Support and Documentation Access

The dashboard includes integrated support resources to help you quickly resolve issues and learn about features.

In-App Help

Most dashboard sections include contextual help explaining what the section does and how to use it. Look for info icons or help links near complex features to access this guidance without leaving your workflow.

The command palette (typically opened with Cmd+K or Ctrl+K) provides quick access to common actions, navigation to any section, and searching documentation. This is the fastest way to navigate the dashboard once you're familiar with it.

Support Contact

If you can't resolve an issue through documentation, the support link in the dashboard opens a contact form where you can describe your problem and include relevant details. Support requests automatically include your organization ID and current mode, helping support staff investigate issues faster.

For urgent issues affecting production systems, clearly indicate urgency in your request. Response times vary by support tier, with critical production issues receiving priority attention.

Status and Changelog

The status page (linked from the dashboard) shows current system status and any ongoing incidents. If you're experiencing unexpected behavior, check the status page first to see if there's a known issue affecting multiple customers.

The changelog announces new features, improvements, and important changes to the platform. Subscribe to changelog updates to stay informed about new capabilities you can leverage in your subscription business.

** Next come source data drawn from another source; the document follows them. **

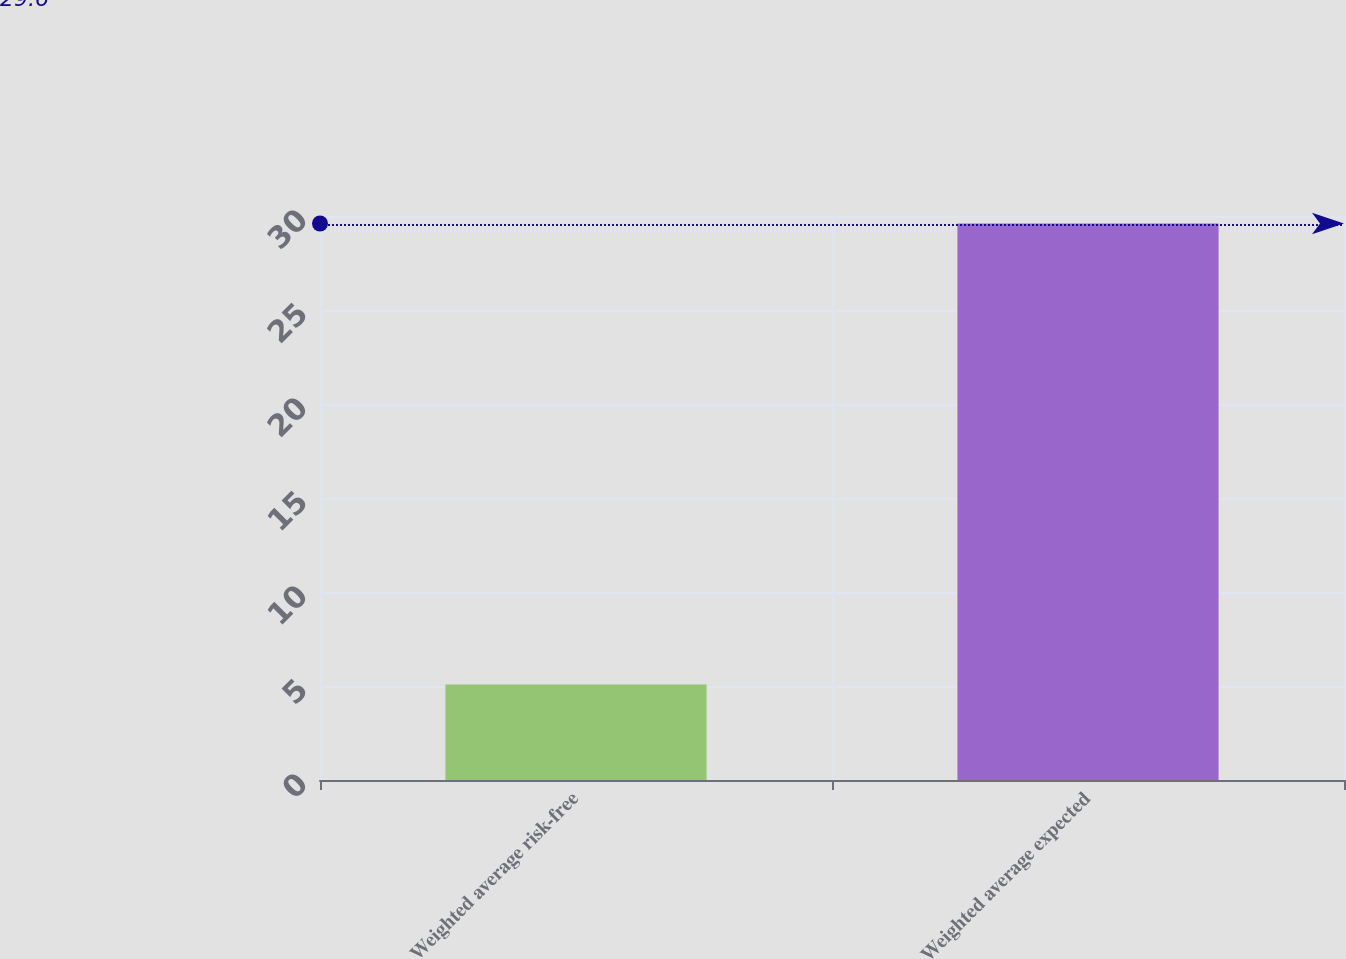Convert chart. <chart><loc_0><loc_0><loc_500><loc_500><bar_chart><fcel>Weighted average risk-free<fcel>Weighted average expected<nl><fcel>5.08<fcel>29.6<nl></chart> 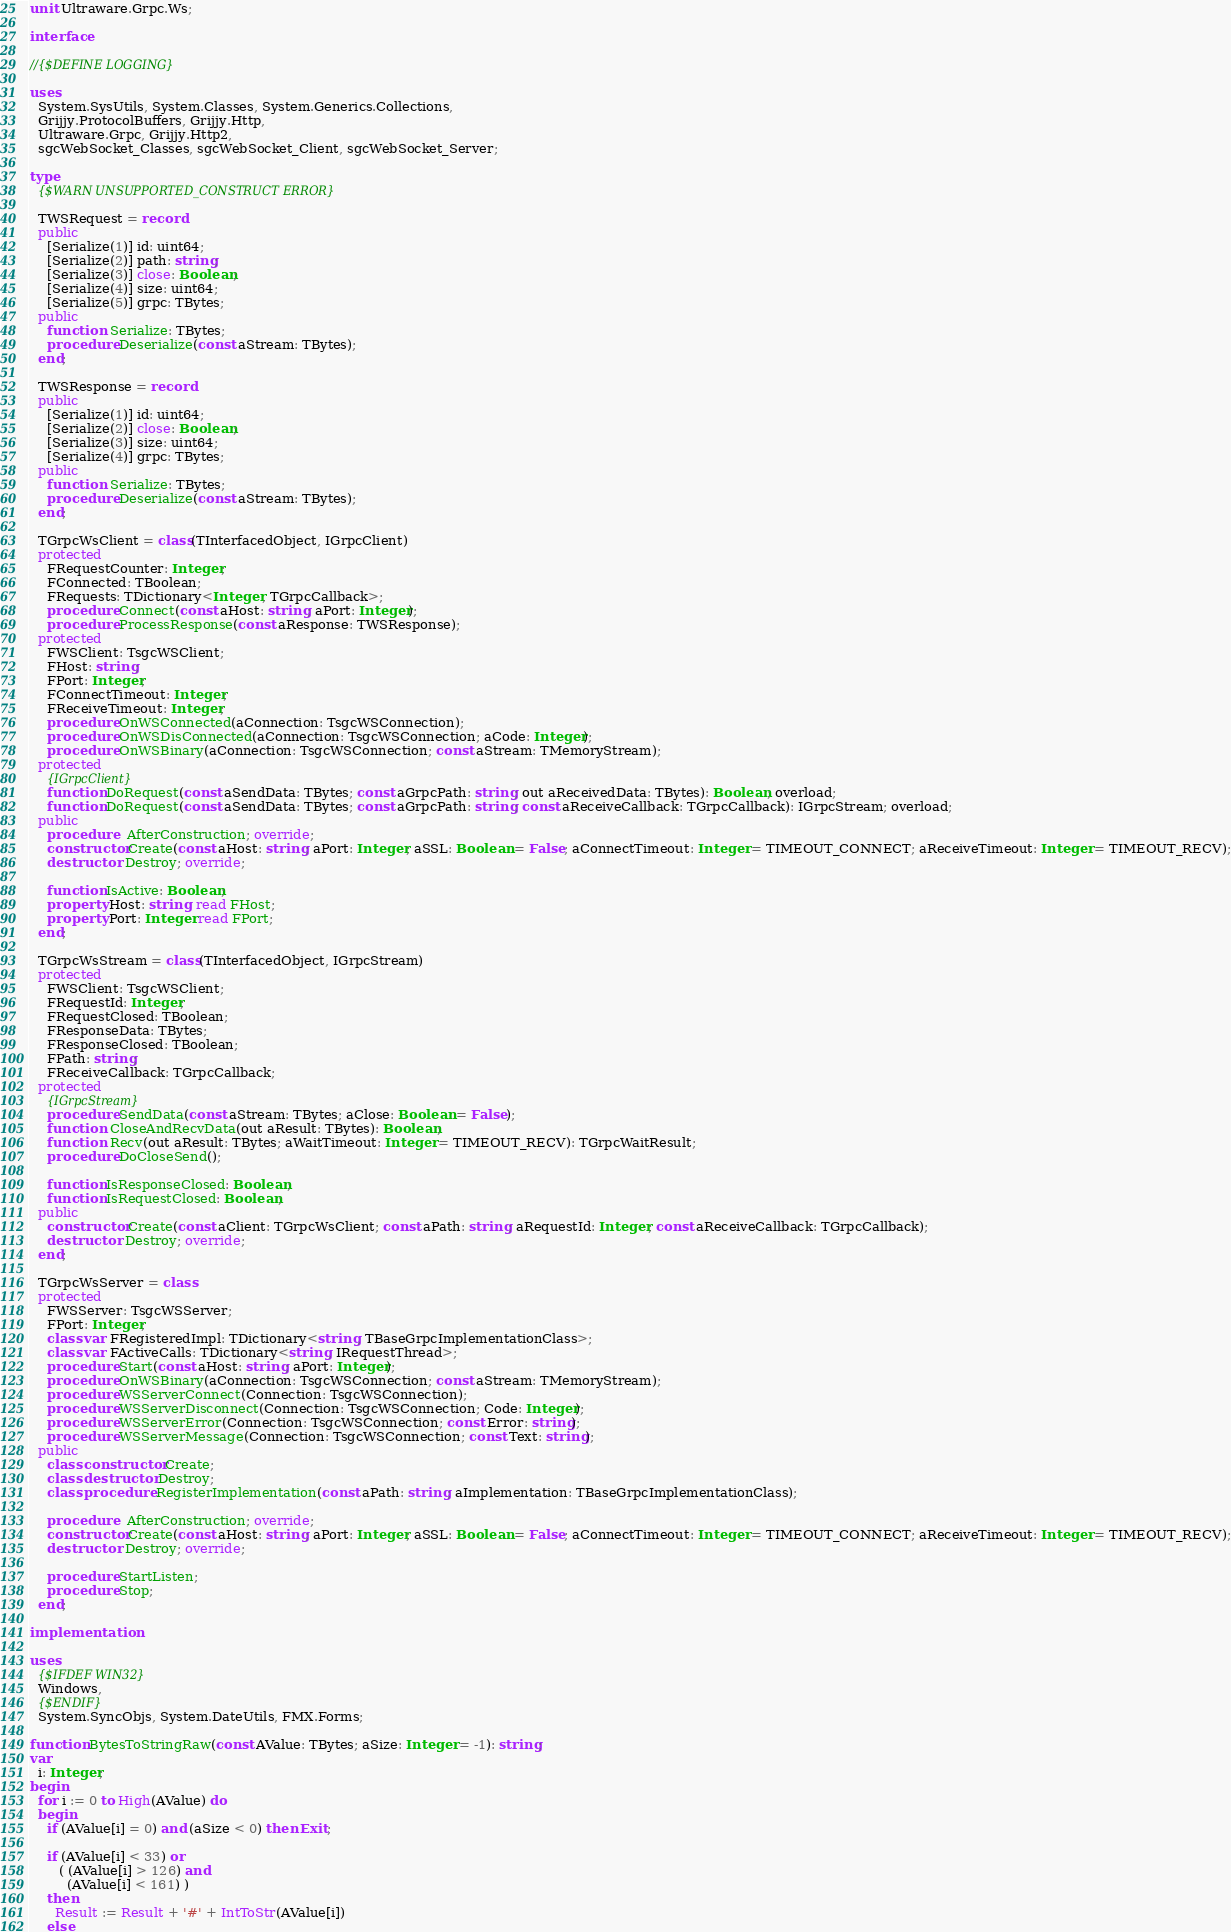<code> <loc_0><loc_0><loc_500><loc_500><_Pascal_>unit Ultraware.Grpc.Ws;

interface

//{$DEFINE LOGGING}

uses
  System.SysUtils, System.Classes, System.Generics.Collections,
  Grijjy.ProtocolBuffers, Grijjy.Http,
  Ultraware.Grpc, Grijjy.Http2,
  sgcWebSocket_Classes, sgcWebSocket_Client, sgcWebSocket_Server;

type
  {$WARN UNSUPPORTED_CONSTRUCT ERROR}

  TWSRequest = record
  public
    [Serialize(1)] id: uint64;
    [Serialize(2)] path: string;
    [Serialize(3)] close: Boolean;
    [Serialize(4)] size: uint64;
    [Serialize(5)] grpc: TBytes;
  public
    function  Serialize: TBytes;
    procedure Deserialize(const aStream: TBytes);
  end;

  TWSResponse = record
  public
    [Serialize(1)] id: uint64;
    [Serialize(2)] close: Boolean;
    [Serialize(3)] size: uint64;
    [Serialize(4)] grpc: TBytes;
  public
    function  Serialize: TBytes;
    procedure Deserialize(const aStream: TBytes);
  end;

  TGrpcWsClient = class(TInterfacedObject, IGrpcClient)
  protected
    FRequestCounter: Integer;
    FConnected: TBoolean;
    FRequests: TDictionary<Integer, TGrpcCallback>;
    procedure Connect(const aHost: string; aPort: Integer);
    procedure ProcessResponse(const aResponse: TWSResponse);
  protected
    FWSClient: TsgcWSClient;
    FHost: string;
    FPort: Integer;
    FConnectTimeout: Integer;
    FReceiveTimeout: Integer;
    procedure OnWSConnected(aConnection: TsgcWSConnection);
    procedure OnWSDisConnected(aConnection: TsgcWSConnection; aCode: Integer);
    procedure OnWSBinary(aConnection: TsgcWSConnection; const aStream: TMemoryStream);
  protected
    {IGrpcClient}
    function DoRequest(const aSendData: TBytes; const aGrpcPath: string; out aReceivedData: TBytes): Boolean; overload;
    function DoRequest(const aSendData: TBytes; const aGrpcPath: string; const aReceiveCallback: TGrpcCallback): IGrpcStream; overload;
  public
    procedure   AfterConstruction; override;
    constructor Create(const aHost: string; aPort: Integer; aSSL: Boolean = False; aConnectTimeout: Integer = TIMEOUT_CONNECT; aReceiveTimeout: Integer = TIMEOUT_RECV);
    destructor  Destroy; override;

    function IsActive: Boolean;
    property Host: string  read FHost;
    property Port: Integer read FPort;
  end;

  TGrpcWsStream = class(TInterfacedObject, IGrpcStream)
  protected
    FWSClient: TsgcWSClient;
    FRequestId: Integer;
    FRequestClosed: TBoolean;
    FResponseData: TBytes;
    FResponseClosed: TBoolean;
    FPath: string;
    FReceiveCallback: TGrpcCallback;
  protected
    {IGrpcStream}
    procedure SendData(const aStream: TBytes; aClose: Boolean = False);
    function  CloseAndRecvData(out aResult: TBytes): Boolean;
    function  Recv(out aResult: TBytes; aWaitTimeout: Integer = TIMEOUT_RECV): TGrpcWaitResult;
    procedure DoCloseSend();

    function IsResponseClosed: Boolean;
    function IsRequestClosed: Boolean;
  public
    constructor Create(const aClient: TGrpcWsClient; const aPath: string; aRequestId: Integer; const aReceiveCallback: TGrpcCallback);
    destructor  Destroy; override;
  end;

  TGrpcWsServer = class
  protected
    FWSServer: TsgcWSServer;
    FPort: Integer;
    class var FRegisteredImpl: TDictionary<string, TBaseGrpcImplementationClass>;
    class var FActiveCalls: TDictionary<string, IRequestThread>;
    procedure Start(const aHost: string; aPort: Integer);
    procedure OnWSBinary(aConnection: TsgcWSConnection; const aStream: TMemoryStream);
    procedure WSServerConnect(Connection: TsgcWSConnection);
    procedure WSServerDisconnect(Connection: TsgcWSConnection; Code: Integer);
    procedure WSServerError(Connection: TsgcWSConnection; const Error: string);
    procedure WSServerMessage(Connection: TsgcWSConnection; const Text: string);
  public
    class constructor Create;
    class destructor Destroy;
    class procedure RegisterImplementation(const aPath: string; aImplementation: TBaseGrpcImplementationClass);

    procedure   AfterConstruction; override;
    constructor Create(const aHost: string; aPort: Integer; aSSL: Boolean = False; aConnectTimeout: Integer = TIMEOUT_CONNECT; aReceiveTimeout: Integer = TIMEOUT_RECV);
    destructor  Destroy; override;

    procedure StartListen;
    procedure Stop;
  end;

implementation

uses
  {$IFDEF WIN32}
  Windows,
  {$ENDIF}
  System.SyncObjs, System.DateUtils, FMX.Forms;

function BytesToStringRaw(const AValue: TBytes; aSize: Integer = -1): string;
var
  i: Integer;
begin
  for i := 0 to High(AValue) do
  begin
    if (AValue[i] = 0) and (aSize < 0) then Exit;

    if (AValue[i] < 33) or
       ( (AValue[i] > 126) and
         (AValue[i] < 161) )
    then
      Result := Result + '#' + IntToStr(AValue[i])
    else</code>

The dashboard transforms the complexity of subscription management into a visual, intuitive interface that complements the API's programmatic power. Whether you're configuring your initial pricing structure, investigating a customer support issue, or analyzing revenue trends, the dashboard provides the tools and visibility you need to operate your subscription business effectively. Combined with the API for automated operations and the comprehensive documentation for understanding concepts, you have a complete toolkit for building and managing sophisticated subscription infrastructure.